◆ Task to complete:
The response must consist of each line in the listing that has the word "agent" in it.

◆ Records to process:

____

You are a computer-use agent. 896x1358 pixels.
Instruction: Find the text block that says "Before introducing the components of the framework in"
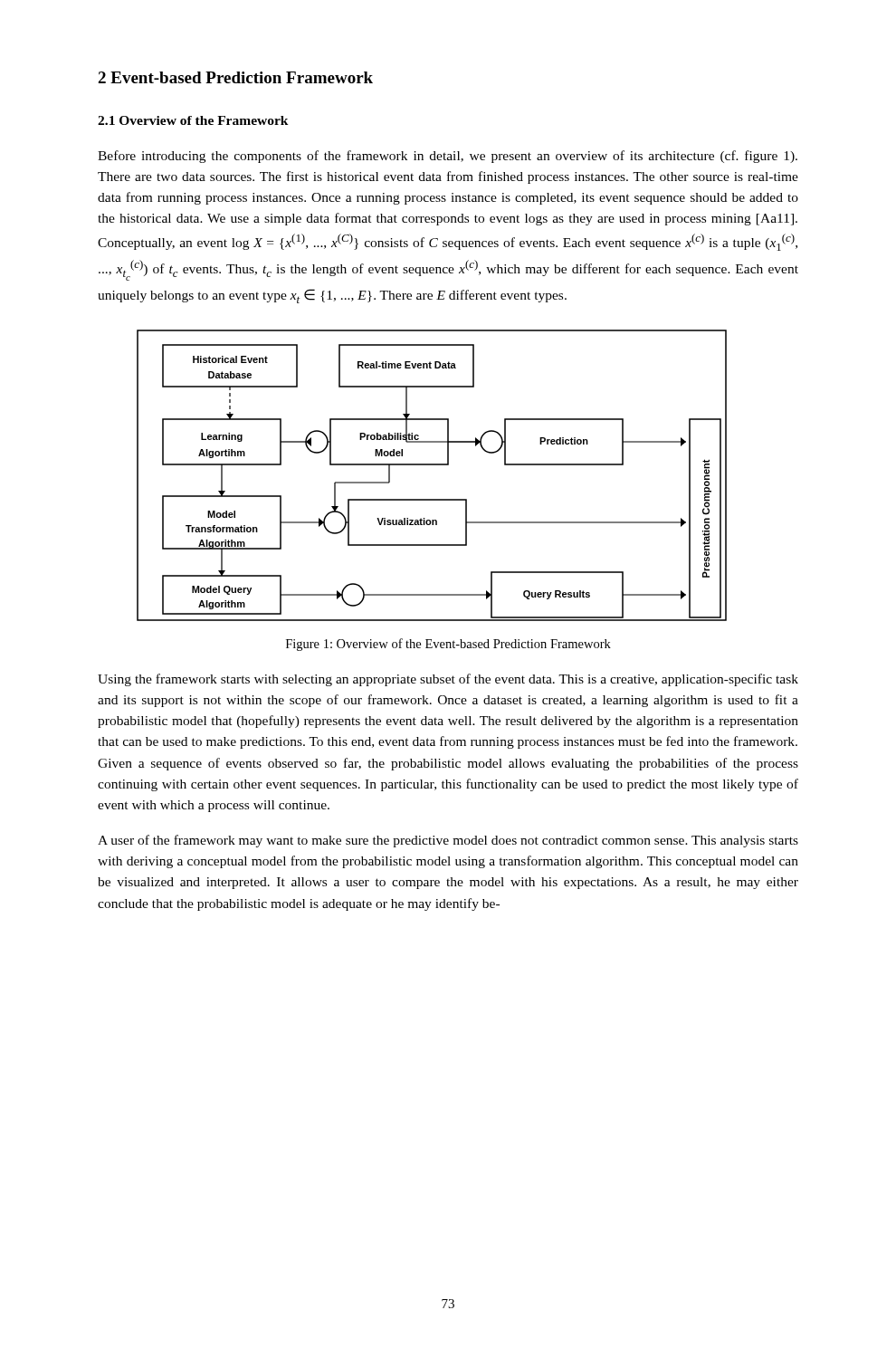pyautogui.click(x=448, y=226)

____

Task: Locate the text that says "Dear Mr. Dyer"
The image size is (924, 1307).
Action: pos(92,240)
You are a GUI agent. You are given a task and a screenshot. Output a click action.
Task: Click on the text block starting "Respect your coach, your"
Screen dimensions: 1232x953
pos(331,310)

____

◆ Solved problem:
You are a computer-use agent. 896x1358 pixels.
You are a GUI agent. You are given a task and a screenshot. Output a click action.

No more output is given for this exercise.